→ **WHAT IS BEING ASKED**
Give back every record below in full and exactly, but without a single image.

--- AVAILABLE RECORDS ---

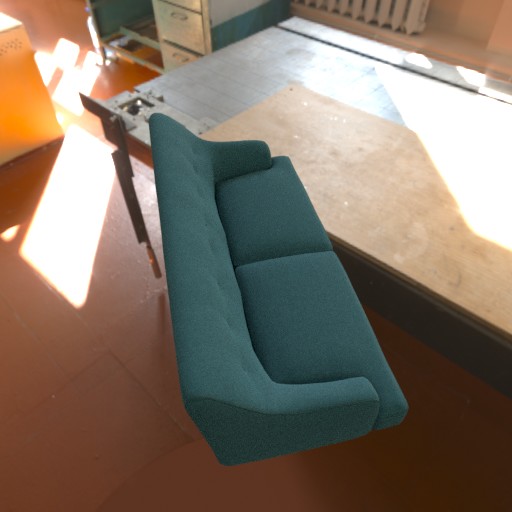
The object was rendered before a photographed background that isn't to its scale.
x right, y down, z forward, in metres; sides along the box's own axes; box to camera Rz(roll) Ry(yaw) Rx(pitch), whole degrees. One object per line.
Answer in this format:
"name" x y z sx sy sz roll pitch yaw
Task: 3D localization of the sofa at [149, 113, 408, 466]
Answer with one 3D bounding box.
"sofa" 0.000 0.000 2.540 0.978 0.871 2.057 -9 48 -9
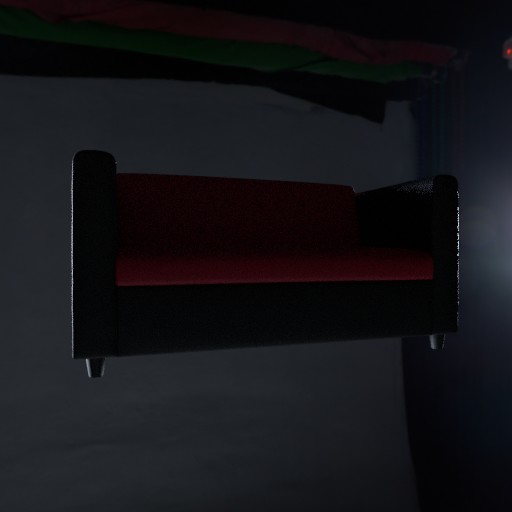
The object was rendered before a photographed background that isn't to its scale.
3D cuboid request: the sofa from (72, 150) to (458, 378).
[{"bbox_3d":[0.000,0.000,1.910,1.410,0.735,0.845,0,0,-18],"label":"sofa"}]
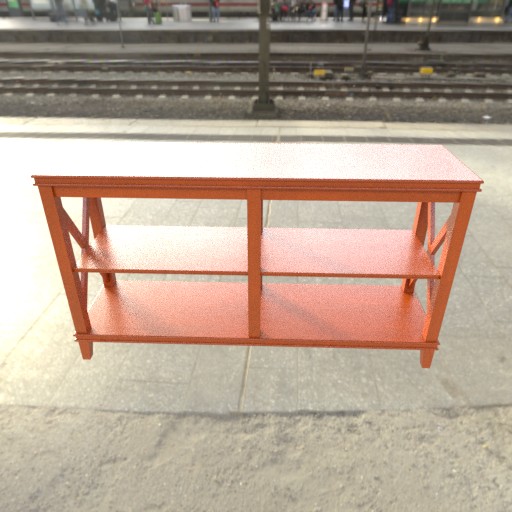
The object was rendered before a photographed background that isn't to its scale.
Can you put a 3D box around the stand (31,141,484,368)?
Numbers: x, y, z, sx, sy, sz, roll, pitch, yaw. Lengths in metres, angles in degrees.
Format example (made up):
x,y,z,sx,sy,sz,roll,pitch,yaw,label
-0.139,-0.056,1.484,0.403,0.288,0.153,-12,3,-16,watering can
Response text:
x,y,z,sx,sy,sz,roll,pitch,yaw,label
0.000,0.000,1.692,1.372,0.762,0.381,1,30,2,stand
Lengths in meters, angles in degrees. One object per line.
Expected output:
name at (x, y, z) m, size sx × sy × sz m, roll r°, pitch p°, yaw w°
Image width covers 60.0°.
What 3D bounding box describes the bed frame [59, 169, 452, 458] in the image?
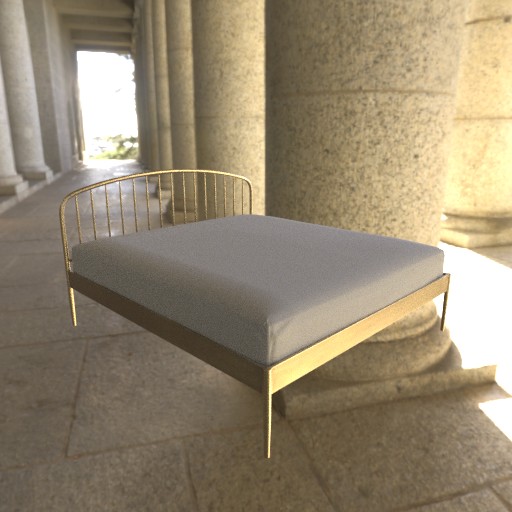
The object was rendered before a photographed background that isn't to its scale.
bed frame at (0.000, 0.000, 3.339) m, size 2.152 × 1.174 × 2.016 m, roll 15°, pitch 21°, yaw 43°
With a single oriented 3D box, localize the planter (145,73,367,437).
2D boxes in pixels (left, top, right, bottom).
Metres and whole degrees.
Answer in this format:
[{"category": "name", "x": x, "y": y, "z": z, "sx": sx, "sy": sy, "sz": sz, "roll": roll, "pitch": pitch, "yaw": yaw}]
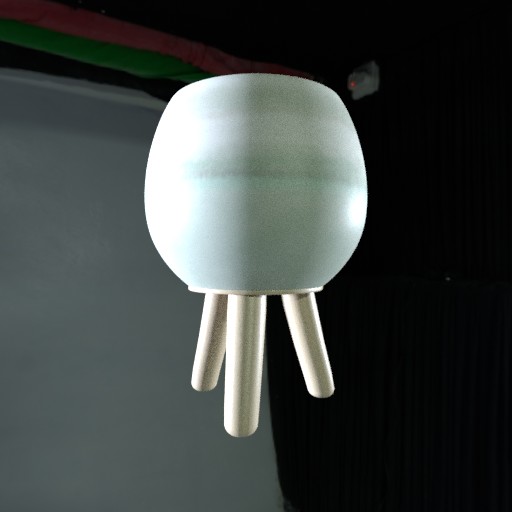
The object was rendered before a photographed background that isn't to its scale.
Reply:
[{"category": "planter", "x": 0.000, "y": 0.000, "z": 0.331, "sx": 0.161, "sy": 0.224, "sz": 0.161, "roll": 0, "pitch": 0, "yaw": 0}]
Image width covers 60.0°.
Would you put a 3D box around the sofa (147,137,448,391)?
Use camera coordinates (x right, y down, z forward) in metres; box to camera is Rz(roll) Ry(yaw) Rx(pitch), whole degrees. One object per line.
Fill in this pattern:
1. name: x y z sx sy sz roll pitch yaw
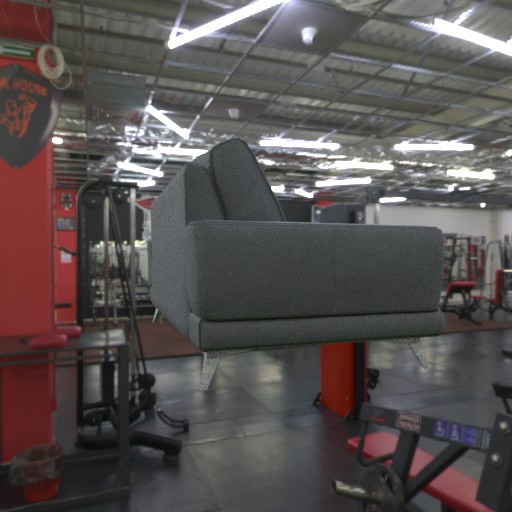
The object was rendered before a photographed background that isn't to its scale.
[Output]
1. sofa: 0.000 0.000 2.404 1.018 0.907 1.806 0 0 -19
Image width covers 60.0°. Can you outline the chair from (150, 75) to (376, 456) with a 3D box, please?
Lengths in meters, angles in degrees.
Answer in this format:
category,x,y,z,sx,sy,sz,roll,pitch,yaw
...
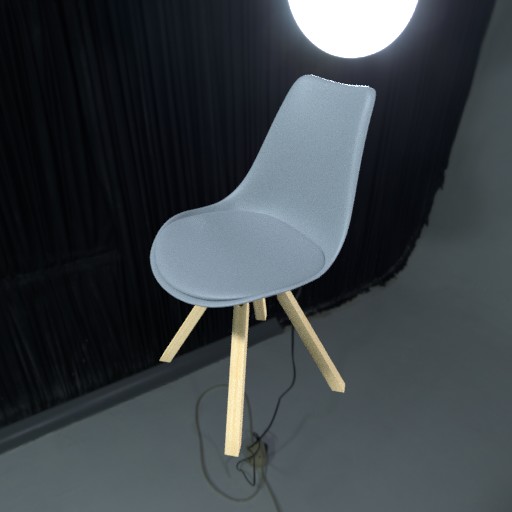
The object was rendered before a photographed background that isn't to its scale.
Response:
category,x,y,z,sx,sy,sz,roll,pitch,yaw
chair,0.000,0.000,1.202,0.549,0.850,0.485,-19,36,-29
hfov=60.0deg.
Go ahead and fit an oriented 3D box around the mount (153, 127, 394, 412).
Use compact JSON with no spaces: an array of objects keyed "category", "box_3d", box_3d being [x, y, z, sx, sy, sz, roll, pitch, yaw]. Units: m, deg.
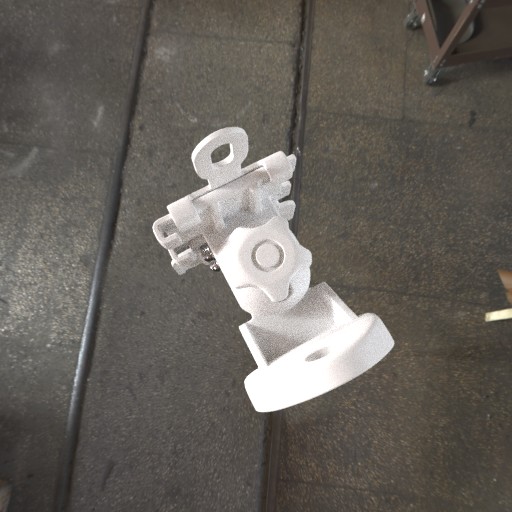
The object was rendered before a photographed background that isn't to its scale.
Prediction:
[{"category":"mount","box_3d":[0.000,0.000,0.171,0.066,0.118,0.100,-27,78,-6]}]
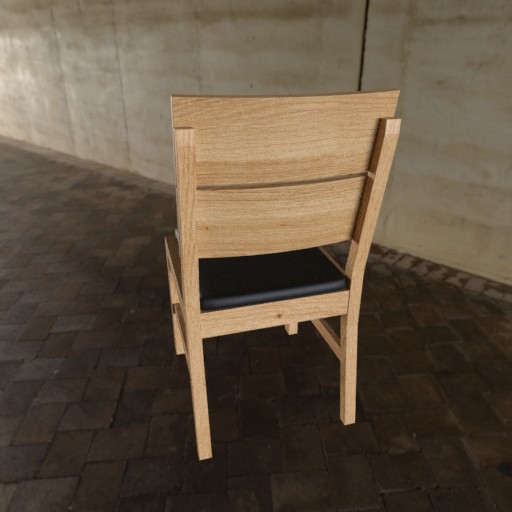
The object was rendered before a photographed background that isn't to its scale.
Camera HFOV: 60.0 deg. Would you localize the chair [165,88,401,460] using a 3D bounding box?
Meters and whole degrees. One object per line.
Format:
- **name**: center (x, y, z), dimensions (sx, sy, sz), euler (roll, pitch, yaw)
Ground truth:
- **chair**: center (0.000, 0.000, 1.297), dimensions (0.475, 0.950, 0.569), euler (-7, 26, -15)
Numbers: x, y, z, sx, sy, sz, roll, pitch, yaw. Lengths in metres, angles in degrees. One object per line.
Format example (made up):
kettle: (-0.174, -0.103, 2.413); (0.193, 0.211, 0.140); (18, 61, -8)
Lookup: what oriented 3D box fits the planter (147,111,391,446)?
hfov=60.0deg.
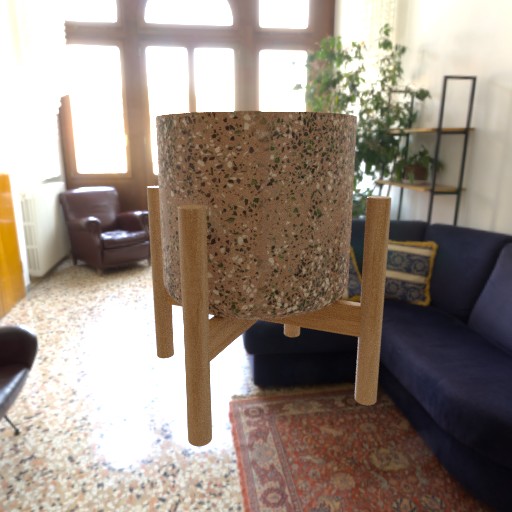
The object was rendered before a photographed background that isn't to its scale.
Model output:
planter: (0.000, 0.000, 0.537); (0.284, 0.320, 0.284); (-13, 19, -42)
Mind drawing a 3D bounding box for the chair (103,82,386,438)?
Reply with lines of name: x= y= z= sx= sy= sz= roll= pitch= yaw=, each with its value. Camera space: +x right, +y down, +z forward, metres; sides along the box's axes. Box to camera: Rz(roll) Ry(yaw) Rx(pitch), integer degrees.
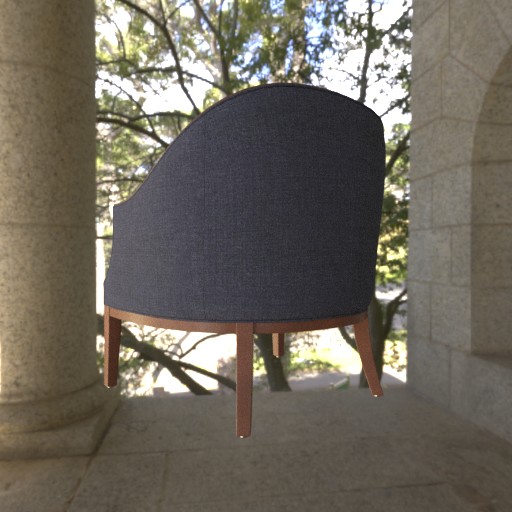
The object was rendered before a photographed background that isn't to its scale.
chair: x=0.000 y=0.000 z=1.460 sx=0.803 sy=0.876 sz=0.735 roll=0 pitch=0 yaw=-38
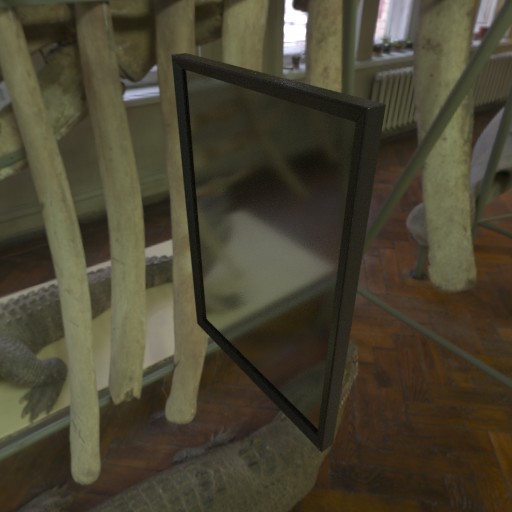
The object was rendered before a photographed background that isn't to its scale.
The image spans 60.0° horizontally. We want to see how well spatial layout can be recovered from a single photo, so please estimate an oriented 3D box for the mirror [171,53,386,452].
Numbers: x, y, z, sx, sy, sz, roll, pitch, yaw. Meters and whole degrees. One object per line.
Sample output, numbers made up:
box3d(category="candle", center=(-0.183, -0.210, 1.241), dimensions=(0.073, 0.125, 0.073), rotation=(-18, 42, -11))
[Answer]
box3d(category="mirror", center=(0.000, 0.000, 0.918), dimensions=(0.039, 0.710, 0.507), rotation=(-23, 39, -31))
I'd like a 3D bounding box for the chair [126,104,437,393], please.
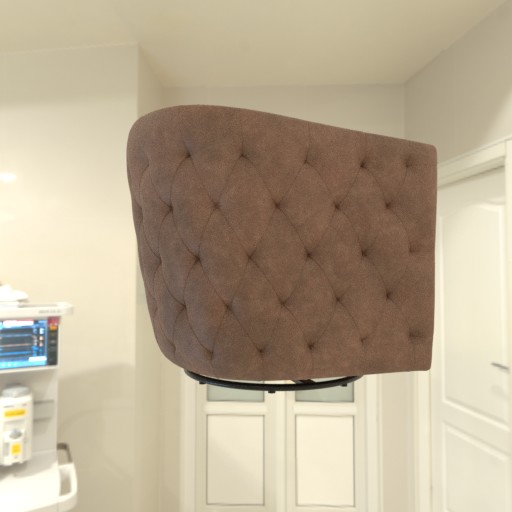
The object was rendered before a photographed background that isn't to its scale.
[{"bbox_3d":[0.000,0.000,1.539,0.870,0.790,0.850,1,-2,-19],"label":"chair"}]
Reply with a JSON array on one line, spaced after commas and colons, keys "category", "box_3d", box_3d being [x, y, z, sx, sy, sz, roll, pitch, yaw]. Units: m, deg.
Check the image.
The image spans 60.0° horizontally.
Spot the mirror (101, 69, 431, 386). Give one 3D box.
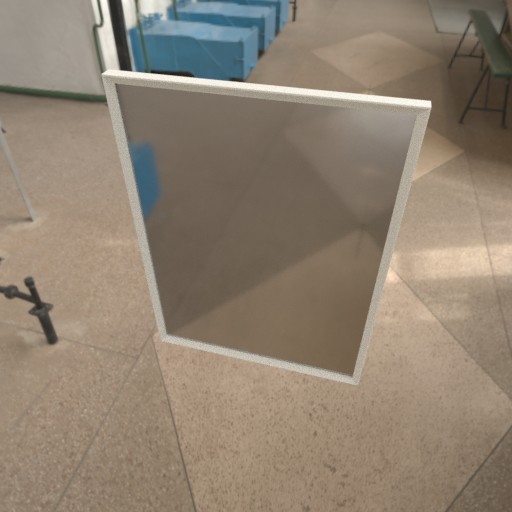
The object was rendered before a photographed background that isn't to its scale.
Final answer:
[{"category": "mirror", "box_3d": [0.000, 0.000, 1.337, 0.762, 1.016, 0.041, 10, 42, 12]}]
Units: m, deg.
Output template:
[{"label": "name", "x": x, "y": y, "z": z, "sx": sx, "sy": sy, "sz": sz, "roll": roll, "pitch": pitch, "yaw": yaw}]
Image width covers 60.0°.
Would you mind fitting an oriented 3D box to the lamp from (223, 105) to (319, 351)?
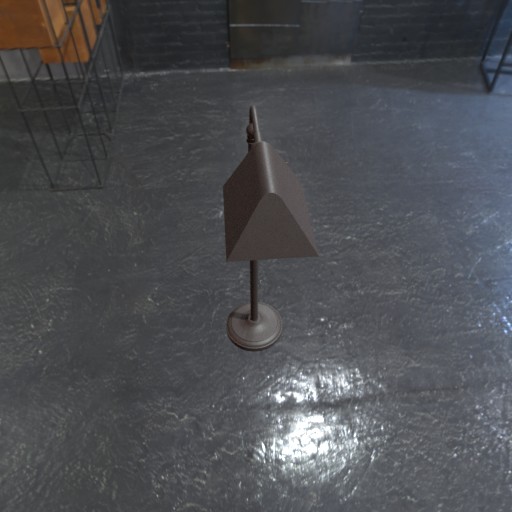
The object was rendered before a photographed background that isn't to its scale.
[{"label": "lamp", "x": 0.000, "y": 0.000, "z": 0.959, "sx": 0.159, "sy": 0.708, "sz": 0.545, "roll": -3, "pitch": 46, "yaw": -3}]
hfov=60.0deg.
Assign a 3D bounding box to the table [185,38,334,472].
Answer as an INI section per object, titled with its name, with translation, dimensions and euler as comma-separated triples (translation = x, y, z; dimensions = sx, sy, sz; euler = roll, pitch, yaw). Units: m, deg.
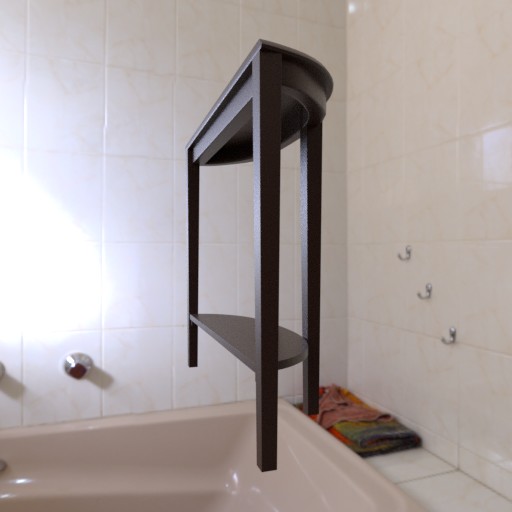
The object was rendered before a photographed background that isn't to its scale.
[table]
translation = 0.000, 0.000, 1.303
dimensions = 0.274, 0.831, 0.909
euler = 0, 0, -18

---

→ **WRITTEN ANSWER**
The object was rendered before a photographed background that isn't to its scale.
x right, y down, z forward, in metres; sides along the box's own axes; box to camera Rz(roll) Ry(yaw) Rx(pitch), whole degrees. One object per line.
Answer in this format:
"name" x y z sx sy sz roll pitch yaw
Task: 3D localization of the sofa at [149, 113, 408, 466]
Answer with one 3D bounding box.
"sofa" 0.000 0.000 2.540 0.978 0.871 2.057 -9 48 -9
The object was rendered before a photographed background that isn't to its scale.
3D cuboid request: the sofa from (72, 150) to (458, 378).
[{"bbox_3d":[0.000,0.000,1.910,1.410,0.735,0.845,0,0,-18],"label":"sofa"}]
The object was rendered before a photographed background that isn't to its scale.
Can you put a 3D box around the stand (31,141,484,368)?
Numbers: x, y, z, sx, sy, sz, roll, pitch, yaw. Lengths in metres, angles in degrees.
Format example (made up):
x,y,z,sx,sy,sz,roll,pitch,yaw,label
-0.139,-0.056,1.484,0.403,0.288,0.153,-12,3,-16,watering can
Response text:
x,y,z,sx,sy,sz,roll,pitch,yaw,label
0.000,0.000,1.692,1.372,0.762,0.381,1,30,2,stand
Lengths in meters, angles in degrees. One object per line.
Expected output:
name at (x, y, z) m, size sx × sy × sz m, roll r°, pitch p°, yaw w°
Image width covers 60.0°.
What 3D bounding box describes the bed frame [59, 169, 452, 458] in the image?
The object was rendered before a photographed background that isn't to its scale.
bed frame at (0.000, 0.000, 3.339) m, size 2.152 × 1.174 × 2.016 m, roll 15°, pitch 21°, yaw 43°
With a single oriented 3D box, localize the planter (145,73,367,437).
2D boxes in pixels (left, top, right, bottom).
Metres and whole degrees.
Answer in this format:
[{"category": "name", "x": x, "y": y, "z": z, "sx": sx, "sy": sy, "sz": sz, "roll": roll, "pitch": pitch, "yaw": yaw}]
The object was rendered before a photographed background that isn't to its scale.
Reply:
[{"category": "planter", "x": 0.000, "y": 0.000, "z": 0.331, "sx": 0.161, "sy": 0.224, "sz": 0.161, "roll": 0, "pitch": 0, "yaw": 0}]
Image width covers 60.0°.
Would you put a 3D box around the sofa (147,137,448,391)?
Use camera coordinates (x right, y down, z forward) in metres; box to camera is Rz(roll) Ry(yaw) Rx(pitch), whole degrees. One object per line.
Fill in this pattern:
1. name: x y z sx sy sz roll pitch yaw
The object was rendered before a photographed background that isn't to its scale.
[Output]
1. sofa: 0.000 0.000 2.404 1.018 0.907 1.806 0 0 -19
Image width covers 60.0°. Can you outline the chair from (150, 75) to (376, 456) with a 3D box, please?
Lengths in meters, angles in degrees.
Answer in this format:
category,x,y,z,sx,sy,sz,roll,pitch,yaw
...
The object was rendered before a photographed background that isn't to its scale.
Response:
category,x,y,z,sx,sy,sz,roll,pitch,yaw
chair,0.000,0.000,1.202,0.549,0.850,0.485,-19,36,-29
hfov=60.0deg.
Go ahead and fit an oriented 3D box around the mount (153, 127, 394, 412).
Use compact JSON with no spaces: an array of objects keyed "category", "box_3d", box_3d being [x, y, z, sx, sy, sz, roll, pitch, yaw]. Units: m, deg.
The object was rendered before a photographed background that isn't to its scale.
Prediction:
[{"category":"mount","box_3d":[0.000,0.000,0.171,0.066,0.118,0.100,-27,78,-6]}]
The object was rendered before a photographed background that isn't to its scale.
Camera HFOV: 60.0 deg. Would you localize the chair [165,88,401,460] using a 3D bounding box?
Meters and whole degrees. One object per line.
Format:
- **name**: center (x, y, z), dimensions (sx, sy, sz), euler (roll, pitch, yaw)
Ground truth:
- **chair**: center (0.000, 0.000, 1.297), dimensions (0.475, 0.950, 0.569), euler (-7, 26, -15)
Numbers: x, y, z, sx, sy, sz, roll, pitch, yaw. Lengths in metres, angles in degrees. One object per line.
Format example (made up):
kettle: (-0.174, -0.103, 2.413); (0.193, 0.211, 0.140); (18, 61, -8)
Lookup: what oriented 3D box fits the planter (147,111,391,446)?
hfov=60.0deg.
The object was rendered before a photographed background that isn't to its scale.
Model output:
planter: (0.000, 0.000, 0.537); (0.284, 0.320, 0.284); (-13, 19, -42)
Mind drawing a 3D bounding box for the chair (103,82,386,438)?
Reply with lines of name: x= y= z= sx= sy= sz= roll= pitch= yaw=, each with its value. Camera space: +x right, +y down, +z forward, metres; sides along the box's axes. Box to camera: Rz(roll) Ry(yaw) Rx(pitch), integer degrees.
The object was rendered before a photographed background that isn't to its scale.
chair: x=0.000 y=0.000 z=1.460 sx=0.803 sy=0.876 sz=0.735 roll=0 pitch=0 yaw=-38
The object was rendered before a photographed background that isn't to its scale.
The image spans 60.0° horizontally. We want to see how well spatial layout can be recovered from a single photo, so please estimate an oriented 3D box for the mirror [171,53,386,452].
Numbers: x, y, z, sx, sy, sz, roll, pitch, yaw. Meters and whole degrees. One object per line.
Sample output, numbers made up:
box3d(category="candle", center=(-0.183, -0.210, 1.241), dimensions=(0.073, 0.125, 0.073), rotation=(-18, 42, -11))
[Answer]
box3d(category="mirror", center=(0.000, 0.000, 0.918), dimensions=(0.039, 0.710, 0.507), rotation=(-23, 39, -31))
I'd like a 3D bounding box for the chair [126,104,437,393], please.
The object was rendered before a photographed background that isn't to its scale.
[{"bbox_3d":[0.000,0.000,1.539,0.870,0.790,0.850,1,-2,-19],"label":"chair"}]
Reply with a JSON array on one line, spaced after commas and colons, keys "category", "box_3d", box_3d being [x, y, z, sx, sy, sz, roll, pitch, yaw]. Units: m, deg.
Check the image.
The image spans 60.0° horizontally.
Spot the mirror (101, 69, 431, 386). Give one 3D box.
The object was rendered before a photographed background that isn't to its scale.
Final answer:
[{"category": "mirror", "box_3d": [0.000, 0.000, 1.337, 0.762, 1.016, 0.041, 10, 42, 12]}]
Units: m, deg.
Output template:
[{"label": "name", "x": x, "y": y, "z": z, "sx": sx, "sy": sy, "sz": sz, "roll": roll, "pitch": pitch, "yaw": yaw}]
Image width covers 60.0°.
Would you mind fitting an oriented 3D box to the lamp from (223, 105) to (319, 351)?
The object was rendered before a photographed background that isn't to its scale.
[{"label": "lamp", "x": 0.000, "y": 0.000, "z": 0.959, "sx": 0.159, "sy": 0.708, "sz": 0.545, "roll": -3, "pitch": 46, "yaw": -3}]
hfov=60.0deg.
Assign a 3D bounding box to the table [185,38,334,472].
Answer as an INI section per object, titled with its name, with translation, dimensions and euler as comma-separated triples (translation = x, y, z; dimensions = sx, sy, sz; euler = roll, pitch, yaw). Units: m, deg.
The object was rendered before a photographed background that isn't to its scale.
[table]
translation = 0.000, 0.000, 1.303
dimensions = 0.274, 0.831, 0.909
euler = 0, 0, -18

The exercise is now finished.